Aim of the task: Search the listing below for the word "written" and return each line that contains it.

■ ■ ■ ■ ■

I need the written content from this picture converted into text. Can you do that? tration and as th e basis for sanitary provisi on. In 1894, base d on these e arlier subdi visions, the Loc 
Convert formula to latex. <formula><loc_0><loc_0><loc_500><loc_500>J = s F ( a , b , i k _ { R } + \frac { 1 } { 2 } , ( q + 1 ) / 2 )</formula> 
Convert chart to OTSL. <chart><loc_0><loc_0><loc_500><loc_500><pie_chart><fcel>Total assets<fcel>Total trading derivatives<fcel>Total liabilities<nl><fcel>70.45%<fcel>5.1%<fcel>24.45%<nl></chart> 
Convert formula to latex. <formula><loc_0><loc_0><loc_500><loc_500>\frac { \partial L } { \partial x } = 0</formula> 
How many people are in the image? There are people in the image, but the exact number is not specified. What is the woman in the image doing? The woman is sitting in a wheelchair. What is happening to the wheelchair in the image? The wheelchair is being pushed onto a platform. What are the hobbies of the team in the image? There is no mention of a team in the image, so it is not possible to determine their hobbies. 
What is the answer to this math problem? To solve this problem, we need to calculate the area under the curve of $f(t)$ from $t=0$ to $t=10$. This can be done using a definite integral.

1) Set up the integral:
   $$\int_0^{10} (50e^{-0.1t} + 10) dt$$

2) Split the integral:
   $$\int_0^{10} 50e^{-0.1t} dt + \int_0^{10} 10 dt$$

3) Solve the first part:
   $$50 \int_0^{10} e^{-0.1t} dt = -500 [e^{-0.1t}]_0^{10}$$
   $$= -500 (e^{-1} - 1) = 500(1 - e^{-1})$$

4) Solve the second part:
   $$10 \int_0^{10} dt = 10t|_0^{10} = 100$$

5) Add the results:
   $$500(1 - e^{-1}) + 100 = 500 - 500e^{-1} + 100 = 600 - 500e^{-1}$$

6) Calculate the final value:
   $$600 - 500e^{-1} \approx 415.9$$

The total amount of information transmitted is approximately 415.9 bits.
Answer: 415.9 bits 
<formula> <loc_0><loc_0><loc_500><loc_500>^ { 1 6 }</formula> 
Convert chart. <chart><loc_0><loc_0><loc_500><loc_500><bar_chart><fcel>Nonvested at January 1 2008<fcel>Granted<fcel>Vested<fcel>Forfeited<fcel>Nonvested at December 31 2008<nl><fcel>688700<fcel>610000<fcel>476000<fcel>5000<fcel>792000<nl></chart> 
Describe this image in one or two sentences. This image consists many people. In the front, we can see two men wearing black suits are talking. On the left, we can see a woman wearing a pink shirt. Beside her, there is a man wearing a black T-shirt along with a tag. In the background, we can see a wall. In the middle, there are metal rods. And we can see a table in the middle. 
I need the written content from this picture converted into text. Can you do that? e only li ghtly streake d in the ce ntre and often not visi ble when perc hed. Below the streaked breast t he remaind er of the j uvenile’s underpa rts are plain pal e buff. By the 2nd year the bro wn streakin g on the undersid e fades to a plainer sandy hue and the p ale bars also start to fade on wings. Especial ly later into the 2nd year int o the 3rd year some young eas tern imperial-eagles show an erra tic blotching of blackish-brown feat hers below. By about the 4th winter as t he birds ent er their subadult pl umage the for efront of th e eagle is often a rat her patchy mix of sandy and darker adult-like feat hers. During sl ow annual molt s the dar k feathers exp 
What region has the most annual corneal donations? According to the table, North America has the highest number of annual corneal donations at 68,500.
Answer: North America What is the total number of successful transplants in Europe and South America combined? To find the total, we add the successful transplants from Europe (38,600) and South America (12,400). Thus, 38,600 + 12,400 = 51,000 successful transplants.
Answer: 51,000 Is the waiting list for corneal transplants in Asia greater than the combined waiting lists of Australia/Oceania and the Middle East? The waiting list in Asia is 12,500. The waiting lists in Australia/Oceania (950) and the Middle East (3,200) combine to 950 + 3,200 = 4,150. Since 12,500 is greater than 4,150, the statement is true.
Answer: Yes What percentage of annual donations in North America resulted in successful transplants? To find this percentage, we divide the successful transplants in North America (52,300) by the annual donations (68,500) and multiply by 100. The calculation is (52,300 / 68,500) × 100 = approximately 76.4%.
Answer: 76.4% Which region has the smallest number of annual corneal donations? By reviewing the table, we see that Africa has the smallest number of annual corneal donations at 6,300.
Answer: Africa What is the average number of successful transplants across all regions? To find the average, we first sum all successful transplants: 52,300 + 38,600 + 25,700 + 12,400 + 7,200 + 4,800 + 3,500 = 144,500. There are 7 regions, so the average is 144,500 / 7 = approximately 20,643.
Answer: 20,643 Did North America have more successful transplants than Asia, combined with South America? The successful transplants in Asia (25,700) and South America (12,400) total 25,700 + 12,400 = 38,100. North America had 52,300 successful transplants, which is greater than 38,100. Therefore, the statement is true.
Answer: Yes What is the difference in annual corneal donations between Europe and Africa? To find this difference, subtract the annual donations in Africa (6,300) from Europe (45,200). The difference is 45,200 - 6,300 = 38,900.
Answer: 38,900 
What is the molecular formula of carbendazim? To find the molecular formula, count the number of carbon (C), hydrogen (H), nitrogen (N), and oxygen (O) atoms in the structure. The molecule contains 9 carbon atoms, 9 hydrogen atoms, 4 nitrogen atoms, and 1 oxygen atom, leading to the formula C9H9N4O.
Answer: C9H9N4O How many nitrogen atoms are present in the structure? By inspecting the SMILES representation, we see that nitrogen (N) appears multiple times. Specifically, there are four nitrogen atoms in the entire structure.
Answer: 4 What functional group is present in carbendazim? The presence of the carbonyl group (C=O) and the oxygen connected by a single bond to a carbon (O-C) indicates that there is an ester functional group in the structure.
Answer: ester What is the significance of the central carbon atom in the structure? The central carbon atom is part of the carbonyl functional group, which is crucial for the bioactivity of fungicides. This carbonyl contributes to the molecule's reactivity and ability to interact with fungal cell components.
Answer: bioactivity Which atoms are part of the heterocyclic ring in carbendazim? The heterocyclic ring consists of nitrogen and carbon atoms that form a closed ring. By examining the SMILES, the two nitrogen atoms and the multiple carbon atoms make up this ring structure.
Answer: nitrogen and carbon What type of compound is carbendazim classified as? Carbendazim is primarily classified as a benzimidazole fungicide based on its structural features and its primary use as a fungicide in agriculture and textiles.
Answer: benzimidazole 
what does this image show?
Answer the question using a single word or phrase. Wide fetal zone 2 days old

■ ■ ■ ■ ■

Your solution:
I need the written content from this picture converted into text. Can you do that? tration and as th e basis for sanitary provisi on. In 1894, base d on these e arlier subdi visions, the Loc 
I need the written content from this picture converted into text. Can you do that? e only li ghtly streake d in the ce ntre and often not visi ble when perc hed. Below the streaked breast t he remaind er of the j uvenile’s underpa rts are plain pal e buff. By the 2nd year the bro wn streakin g on the undersid e fades to a plainer sandy hue and the p ale bars also start to fade on wings. Especial ly later into the 2nd year int o the 3rd year some young eas tern imperial-eagles show an erra tic blotching of blackish-brown feat hers below. By about the 4th winter as t he birds ent er their subadult pl umage the for efront of th e eagle is often a rat her patchy mix of sandy and darker adult-like feat hers. During sl ow annual molt s the dar k feathers exp 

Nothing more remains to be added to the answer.